The catastrophe model development team of Aon’s reinsurance business, Impact Forecasting, says the 18 year average of insured losses from catastrophes is $27 billion. The 18 year average of natural disaster events is 180 but in just the first half of 2019 163 natural disaster events occurred. While global losses from natural disasters from 2000-2018 averaged $94 billion, 66% of insured losses occurred in the United States with 78% of insured losses coming from severe weather and flooding.

What do all these statistics mean for the 2020 Actuarial Outlook? Worsening climate change will continue the increasing catastrophic events and increasing insurance claims.

Interest Rates

Insurance providers don’t fare well in low-interest rate environments because their underlying bond investments yield weak returns. Insurers, which have steady cash flows, are compelled to hold lots of safe debt to back the insurance policies that are written. The relationship between interest rates and insurance companies is linear, the higher the rate, the greater the growth. With interest rates seeming to have bottomed out, the upside for the 2020 Actuarial Outlook for insurance companies is good.

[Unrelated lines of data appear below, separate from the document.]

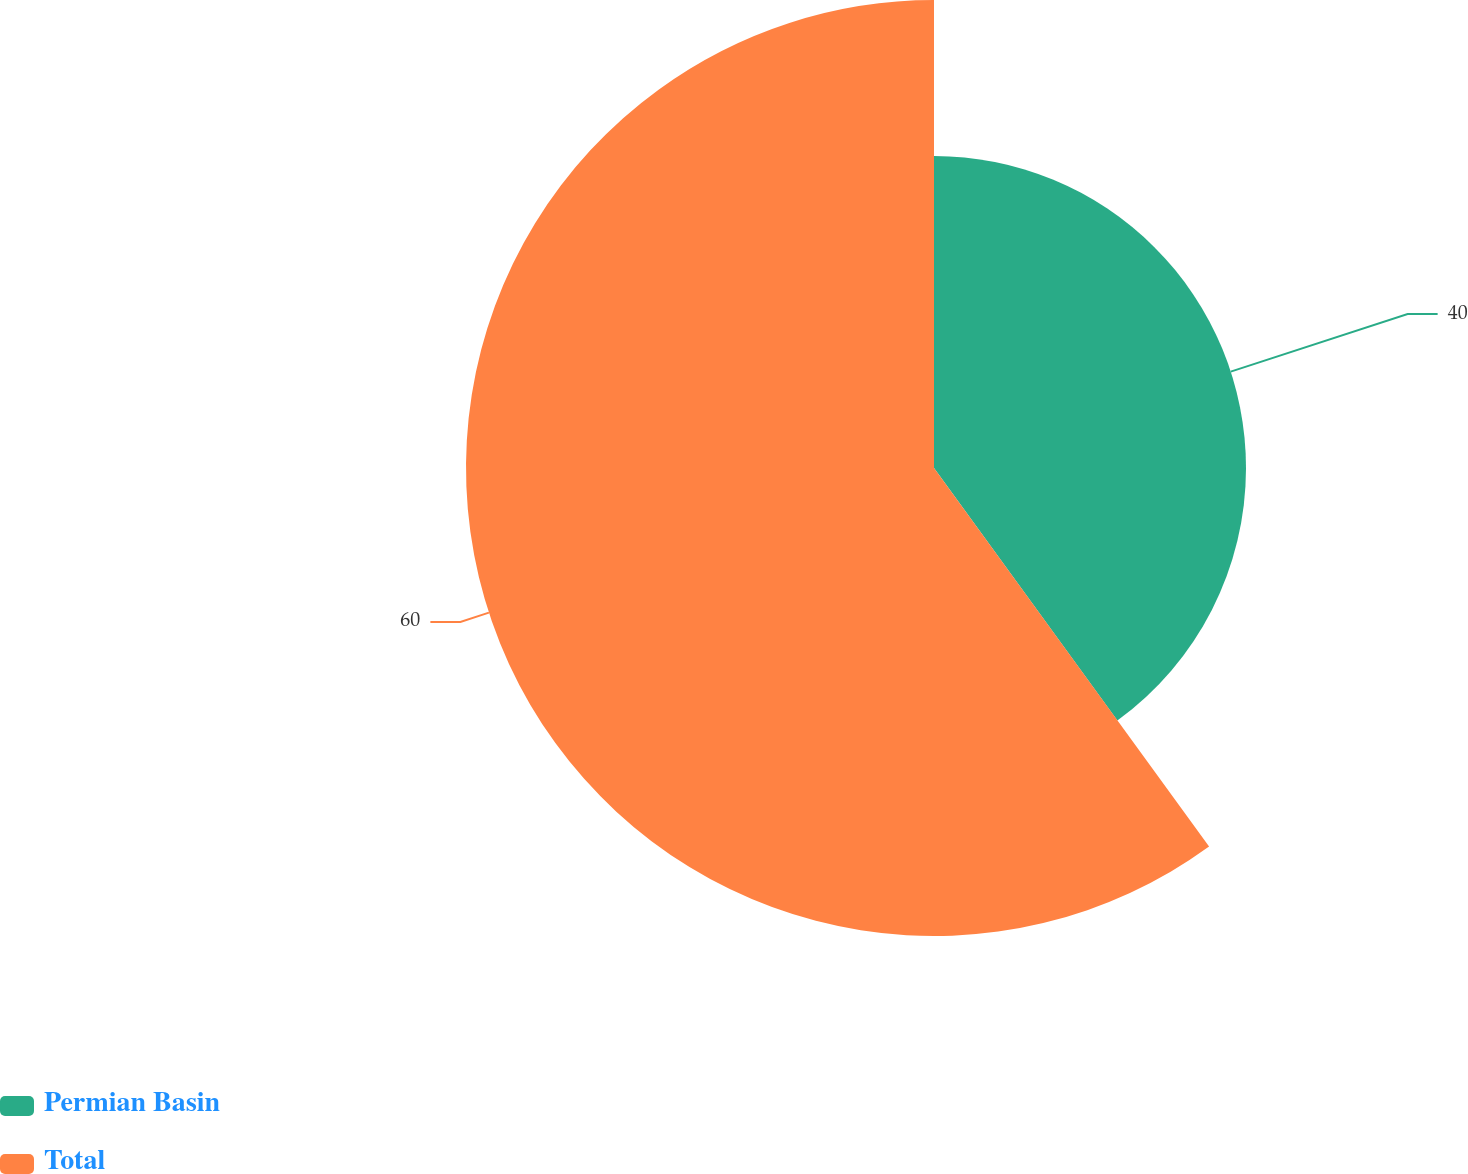<chart> <loc_0><loc_0><loc_500><loc_500><pie_chart><fcel>Permian Basin<fcel>Total<nl><fcel>40.0%<fcel>60.0%<nl></chart> 
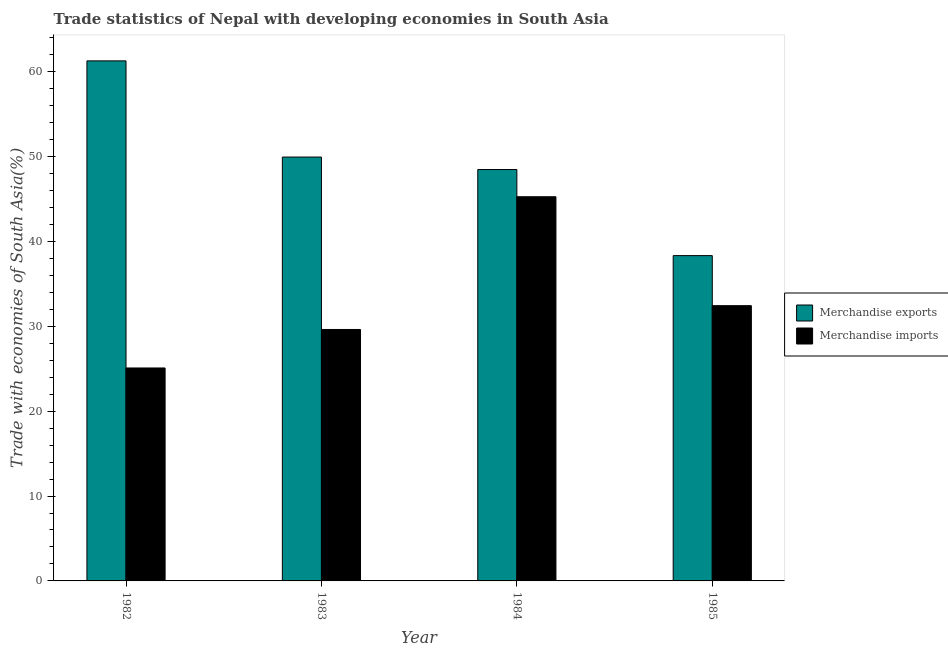How many different coloured bars are there?
Your response must be concise. 2. How many bars are there on the 1st tick from the left?
Make the answer very short. 2. What is the label of the 3rd group of bars from the left?
Offer a terse response. 1984. In how many cases, is the number of bars for a given year not equal to the number of legend labels?
Offer a very short reply. 0. What is the merchandise imports in 1985?
Ensure brevity in your answer.  32.43. Across all years, what is the maximum merchandise imports?
Your answer should be very brief. 45.25. Across all years, what is the minimum merchandise exports?
Provide a short and direct response. 38.32. In which year was the merchandise exports minimum?
Offer a terse response. 1985. What is the total merchandise imports in the graph?
Offer a very short reply. 132.38. What is the difference between the merchandise exports in 1982 and that in 1983?
Keep it short and to the point. 11.33. What is the difference between the merchandise imports in 1985 and the merchandise exports in 1984?
Offer a terse response. -12.83. What is the average merchandise exports per year?
Provide a succinct answer. 49.49. In how many years, is the merchandise exports greater than 58 %?
Your response must be concise. 1. What is the ratio of the merchandise exports in 1983 to that in 1985?
Your response must be concise. 1.3. Is the difference between the merchandise imports in 1983 and 1984 greater than the difference between the merchandise exports in 1983 and 1984?
Your response must be concise. No. What is the difference between the highest and the second highest merchandise exports?
Keep it short and to the point. 11.33. What is the difference between the highest and the lowest merchandise imports?
Your answer should be very brief. 20.17. How many bars are there?
Make the answer very short. 8. What is the difference between two consecutive major ticks on the Y-axis?
Your answer should be very brief. 10. Does the graph contain any zero values?
Ensure brevity in your answer.  No. Does the graph contain grids?
Make the answer very short. No. How many legend labels are there?
Make the answer very short. 2. What is the title of the graph?
Make the answer very short. Trade statistics of Nepal with developing economies in South Asia. What is the label or title of the X-axis?
Your answer should be compact. Year. What is the label or title of the Y-axis?
Your answer should be compact. Trade with economies of South Asia(%). What is the Trade with economies of South Asia(%) in Merchandise exports in 1982?
Your response must be concise. 61.26. What is the Trade with economies of South Asia(%) in Merchandise imports in 1982?
Offer a very short reply. 25.08. What is the Trade with economies of South Asia(%) of Merchandise exports in 1983?
Give a very brief answer. 49.93. What is the Trade with economies of South Asia(%) in Merchandise imports in 1983?
Make the answer very short. 29.62. What is the Trade with economies of South Asia(%) in Merchandise exports in 1984?
Your answer should be very brief. 48.46. What is the Trade with economies of South Asia(%) of Merchandise imports in 1984?
Ensure brevity in your answer.  45.25. What is the Trade with economies of South Asia(%) in Merchandise exports in 1985?
Your answer should be compact. 38.32. What is the Trade with economies of South Asia(%) of Merchandise imports in 1985?
Give a very brief answer. 32.43. Across all years, what is the maximum Trade with economies of South Asia(%) of Merchandise exports?
Provide a succinct answer. 61.26. Across all years, what is the maximum Trade with economies of South Asia(%) of Merchandise imports?
Offer a terse response. 45.25. Across all years, what is the minimum Trade with economies of South Asia(%) in Merchandise exports?
Offer a very short reply. 38.32. Across all years, what is the minimum Trade with economies of South Asia(%) in Merchandise imports?
Make the answer very short. 25.08. What is the total Trade with economies of South Asia(%) in Merchandise exports in the graph?
Provide a succinct answer. 197.97. What is the total Trade with economies of South Asia(%) of Merchandise imports in the graph?
Ensure brevity in your answer.  132.38. What is the difference between the Trade with economies of South Asia(%) in Merchandise exports in 1982 and that in 1983?
Keep it short and to the point. 11.33. What is the difference between the Trade with economies of South Asia(%) in Merchandise imports in 1982 and that in 1983?
Your response must be concise. -4.53. What is the difference between the Trade with economies of South Asia(%) of Merchandise exports in 1982 and that in 1984?
Provide a short and direct response. 12.8. What is the difference between the Trade with economies of South Asia(%) in Merchandise imports in 1982 and that in 1984?
Make the answer very short. -20.17. What is the difference between the Trade with economies of South Asia(%) of Merchandise exports in 1982 and that in 1985?
Offer a terse response. 22.94. What is the difference between the Trade with economies of South Asia(%) of Merchandise imports in 1982 and that in 1985?
Your answer should be compact. -7.34. What is the difference between the Trade with economies of South Asia(%) of Merchandise exports in 1983 and that in 1984?
Ensure brevity in your answer.  1.47. What is the difference between the Trade with economies of South Asia(%) of Merchandise imports in 1983 and that in 1984?
Give a very brief answer. -15.63. What is the difference between the Trade with economies of South Asia(%) in Merchandise exports in 1983 and that in 1985?
Offer a very short reply. 11.61. What is the difference between the Trade with economies of South Asia(%) in Merchandise imports in 1983 and that in 1985?
Make the answer very short. -2.81. What is the difference between the Trade with economies of South Asia(%) of Merchandise exports in 1984 and that in 1985?
Make the answer very short. 10.14. What is the difference between the Trade with economies of South Asia(%) of Merchandise imports in 1984 and that in 1985?
Offer a terse response. 12.83. What is the difference between the Trade with economies of South Asia(%) of Merchandise exports in 1982 and the Trade with economies of South Asia(%) of Merchandise imports in 1983?
Keep it short and to the point. 31.64. What is the difference between the Trade with economies of South Asia(%) of Merchandise exports in 1982 and the Trade with economies of South Asia(%) of Merchandise imports in 1984?
Keep it short and to the point. 16.01. What is the difference between the Trade with economies of South Asia(%) of Merchandise exports in 1982 and the Trade with economies of South Asia(%) of Merchandise imports in 1985?
Your answer should be very brief. 28.83. What is the difference between the Trade with economies of South Asia(%) in Merchandise exports in 1983 and the Trade with economies of South Asia(%) in Merchandise imports in 1984?
Ensure brevity in your answer.  4.68. What is the difference between the Trade with economies of South Asia(%) in Merchandise exports in 1983 and the Trade with economies of South Asia(%) in Merchandise imports in 1985?
Offer a very short reply. 17.51. What is the difference between the Trade with economies of South Asia(%) of Merchandise exports in 1984 and the Trade with economies of South Asia(%) of Merchandise imports in 1985?
Offer a very short reply. 16.03. What is the average Trade with economies of South Asia(%) in Merchandise exports per year?
Provide a succinct answer. 49.49. What is the average Trade with economies of South Asia(%) in Merchandise imports per year?
Your response must be concise. 33.1. In the year 1982, what is the difference between the Trade with economies of South Asia(%) of Merchandise exports and Trade with economies of South Asia(%) of Merchandise imports?
Provide a succinct answer. 36.17. In the year 1983, what is the difference between the Trade with economies of South Asia(%) of Merchandise exports and Trade with economies of South Asia(%) of Merchandise imports?
Give a very brief answer. 20.31. In the year 1984, what is the difference between the Trade with economies of South Asia(%) in Merchandise exports and Trade with economies of South Asia(%) in Merchandise imports?
Give a very brief answer. 3.2. In the year 1985, what is the difference between the Trade with economies of South Asia(%) in Merchandise exports and Trade with economies of South Asia(%) in Merchandise imports?
Make the answer very short. 5.89. What is the ratio of the Trade with economies of South Asia(%) of Merchandise exports in 1982 to that in 1983?
Provide a succinct answer. 1.23. What is the ratio of the Trade with economies of South Asia(%) in Merchandise imports in 1982 to that in 1983?
Provide a short and direct response. 0.85. What is the ratio of the Trade with economies of South Asia(%) of Merchandise exports in 1982 to that in 1984?
Ensure brevity in your answer.  1.26. What is the ratio of the Trade with economies of South Asia(%) in Merchandise imports in 1982 to that in 1984?
Provide a short and direct response. 0.55. What is the ratio of the Trade with economies of South Asia(%) in Merchandise exports in 1982 to that in 1985?
Offer a very short reply. 1.6. What is the ratio of the Trade with economies of South Asia(%) in Merchandise imports in 1982 to that in 1985?
Offer a very short reply. 0.77. What is the ratio of the Trade with economies of South Asia(%) of Merchandise exports in 1983 to that in 1984?
Offer a terse response. 1.03. What is the ratio of the Trade with economies of South Asia(%) of Merchandise imports in 1983 to that in 1984?
Ensure brevity in your answer.  0.65. What is the ratio of the Trade with economies of South Asia(%) of Merchandise exports in 1983 to that in 1985?
Keep it short and to the point. 1.3. What is the ratio of the Trade with economies of South Asia(%) of Merchandise imports in 1983 to that in 1985?
Your answer should be very brief. 0.91. What is the ratio of the Trade with economies of South Asia(%) in Merchandise exports in 1984 to that in 1985?
Provide a short and direct response. 1.26. What is the ratio of the Trade with economies of South Asia(%) in Merchandise imports in 1984 to that in 1985?
Provide a succinct answer. 1.4. What is the difference between the highest and the second highest Trade with economies of South Asia(%) in Merchandise exports?
Offer a terse response. 11.33. What is the difference between the highest and the second highest Trade with economies of South Asia(%) of Merchandise imports?
Give a very brief answer. 12.83. What is the difference between the highest and the lowest Trade with economies of South Asia(%) of Merchandise exports?
Ensure brevity in your answer.  22.94. What is the difference between the highest and the lowest Trade with economies of South Asia(%) of Merchandise imports?
Provide a short and direct response. 20.17. 
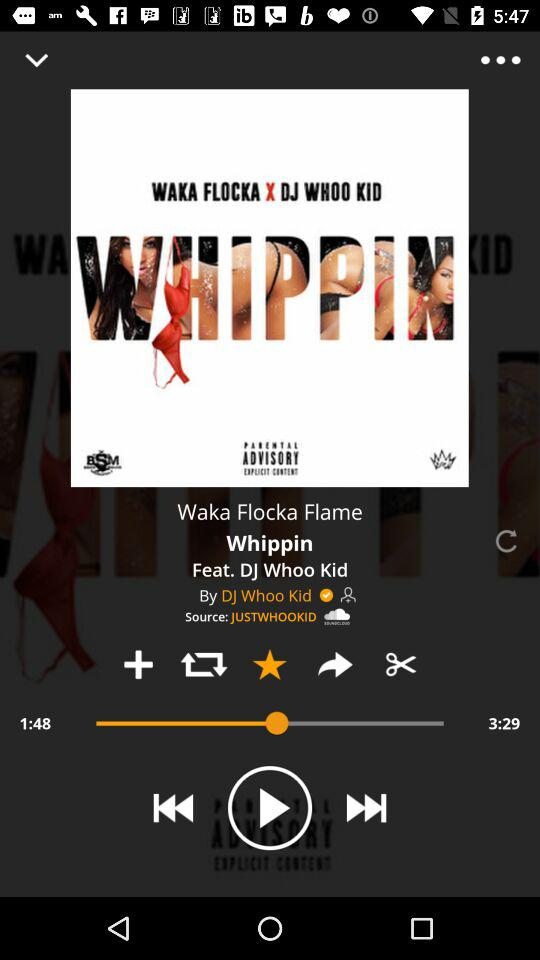How long has the song been playing? The song has been playing for 1 minute and 48 seconds. 
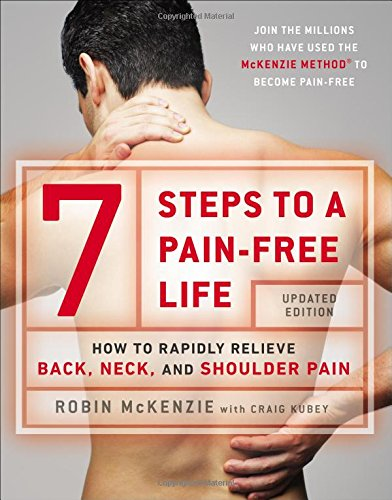Who wrote this book? The book '7 Steps to a Pain-Free Life' was authored by Robin McKenzie, a renowned physiotherapist known for his contributions to musculoskeletal disorders treatments. 
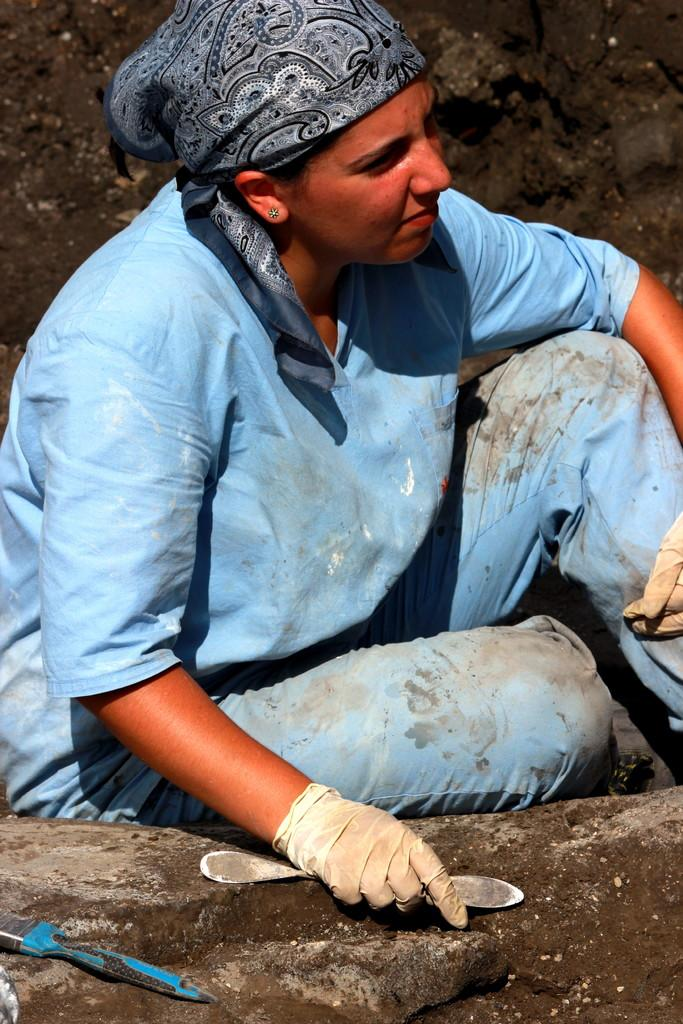Who is present in the image? There is a person in the image. What is the person wearing? The person is wearing a blue dress. What is the person's position in the image? The person is sitting on the ground. What is the person holding in the image? The person is holding an object. What can be seen on the ground in the image? There is an object on the ground. Is there a pancake floating in the sky in the image? No, there is no pancake visible in the image, and the sky is not mentioned in the provided facts. 
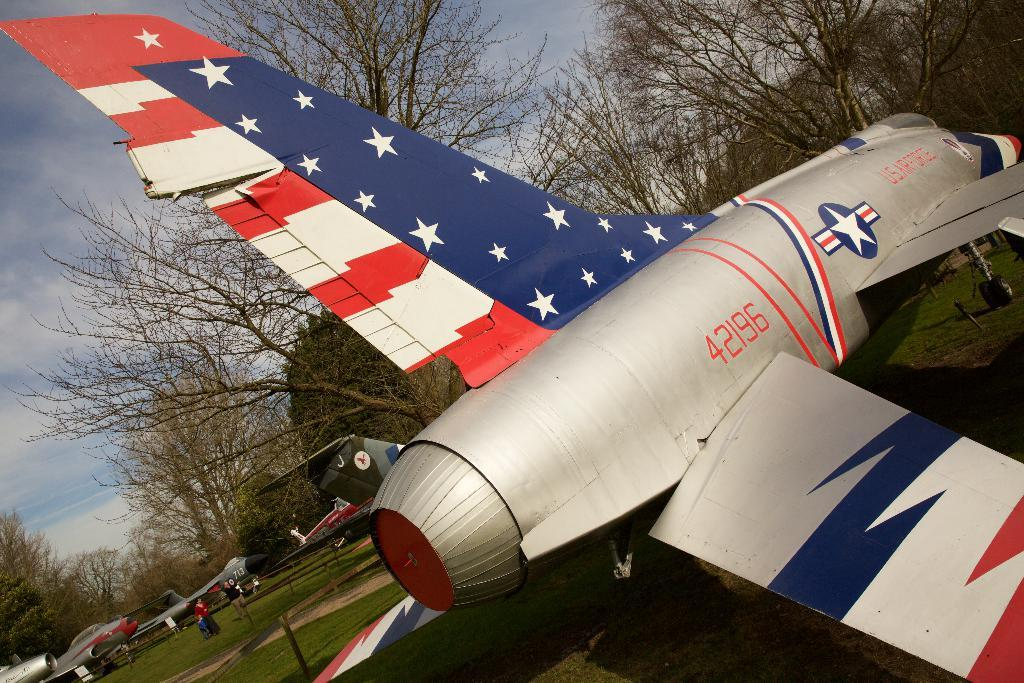<image>
Give a short and clear explanation of the subsequent image. The identifying number of the red, white and blue airplane is 42196. 
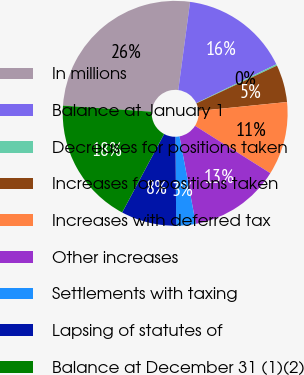Convert chart to OTSL. <chart><loc_0><loc_0><loc_500><loc_500><pie_chart><fcel>In millions<fcel>Balance at January 1<fcel>Decreases for positions taken<fcel>Increases for positions taken<fcel>Increases with deferred tax<fcel>Other increases<fcel>Settlements with taxing<fcel>Lapsing of statutes of<fcel>Balance at December 31 (1)(2)<nl><fcel>26.03%<fcel>15.7%<fcel>0.21%<fcel>5.37%<fcel>10.54%<fcel>13.12%<fcel>2.79%<fcel>7.96%<fcel>18.28%<nl></chart> 
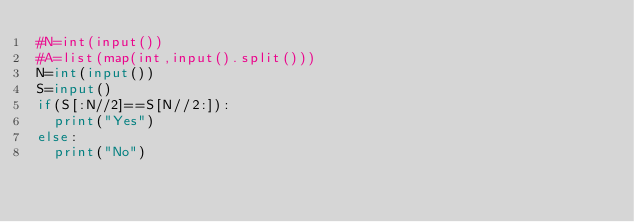Convert code to text. <code><loc_0><loc_0><loc_500><loc_500><_Python_>#N=int(input())
#A=list(map(int,input().split()))
N=int(input())
S=input()
if(S[:N//2]==S[N//2:]):
	print("Yes")
else:
	print("No")	
</code> 
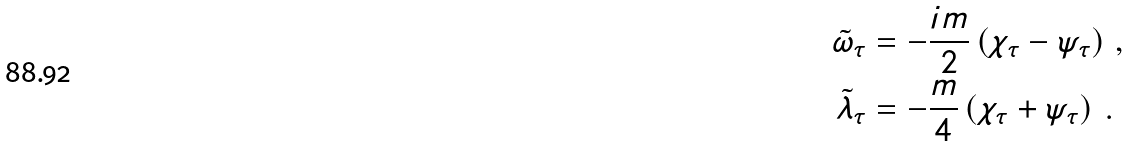<formula> <loc_0><loc_0><loc_500><loc_500>\tilde { \omega } _ { \tau } & = - \frac { i m } { 2 } \left ( \chi _ { \tau } - \psi _ { \tau } \right ) \, , \\ \tilde { \lambda } _ { \tau } & = - \frac { m } { 4 } \left ( \chi _ { \tau } + \psi _ { \tau } \right ) \, .</formula> 
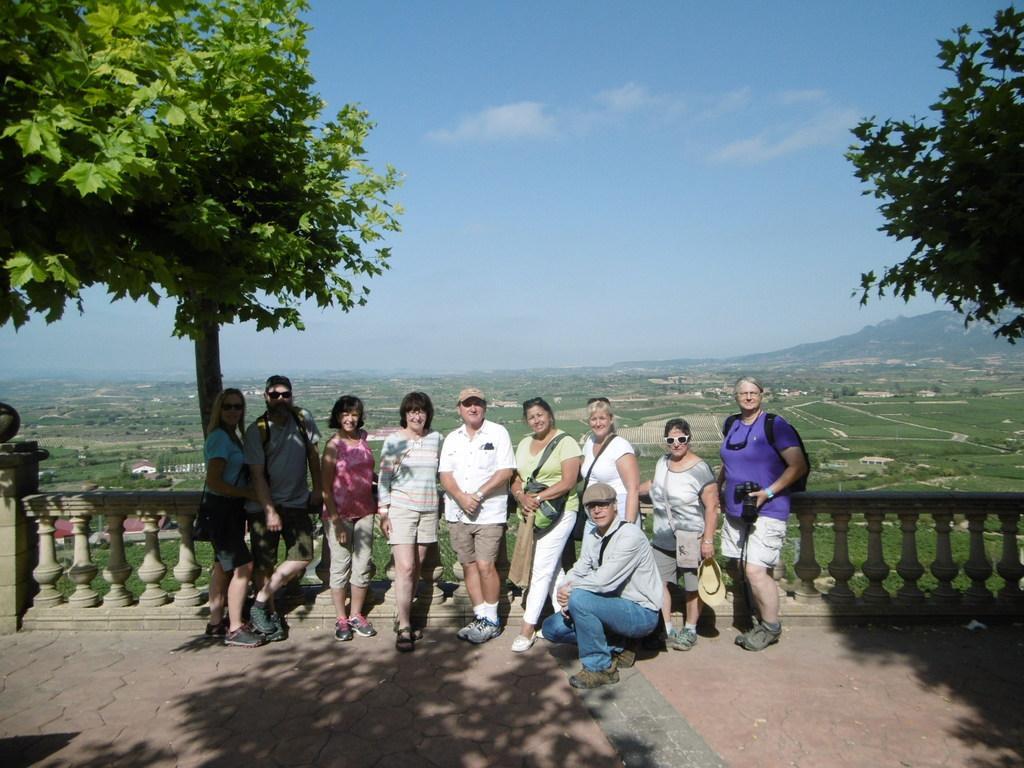How would you summarize this image in a sentence or two? In this picture we can see a few people on the path. There is a fence from left to right. We can see a woman wearing a bag and holding an object in her hand. We can see a few trees and some greenery in the background. 
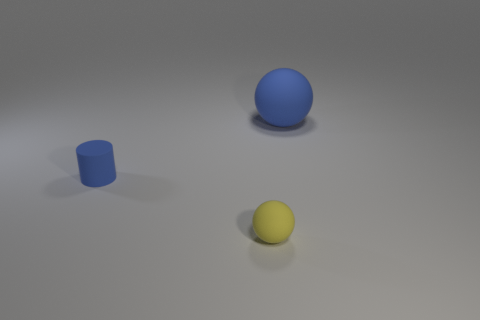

There are some positives for insurance companies in a low interest rate environment. Low interest rates influence consumers toward purchasing more cars or financing or refinancing their homes increasing policy-writing for the insurance industry.

Medicare Advantage

Medicare Advantage (M/A) enrollment has nearly doubled over the past decade, from 6.9 million in 1999 to 22.0 million in 2019. This means 34% of medicare beneficiaries have M/A currently versus 18% in 1999. This trend is only going to grow. The Congressional Budget Office projects that the share of beneficiaries enrolled in M/A plans will rise to almost 47% by 2029.

While the number of M/A policies grow, premiums have declined steadily. From 2018 to 2019 average premiums were down $5 per month. Half of M/A enrollees pay no premium other than the Part B premium. That said, the average premium among all enrollees is $65/month. M/A enrollees are also utilizing extra benefits: 67% signed up for dental, 72% fitness and 78% eye exams or glasses.

Presidential Election

The uncertainty, and controversy, around the 2020 Presidential election is having a dampening effect on hiring before the election. Republicans are focused on immigration as their primary concern with jobs and the economy in second place. Democrats worry about health care and the environment. The Trump Presidency’s focus on reducing rules and regulations, many feel has helped the economy and growth. Yet unresolved policies on health care, tariffs and drug pricing concern many. As happens with every election, the possibility of change leads to talk of recession. It may not happen but just the fear of it, impacts a company’s willingness to hire.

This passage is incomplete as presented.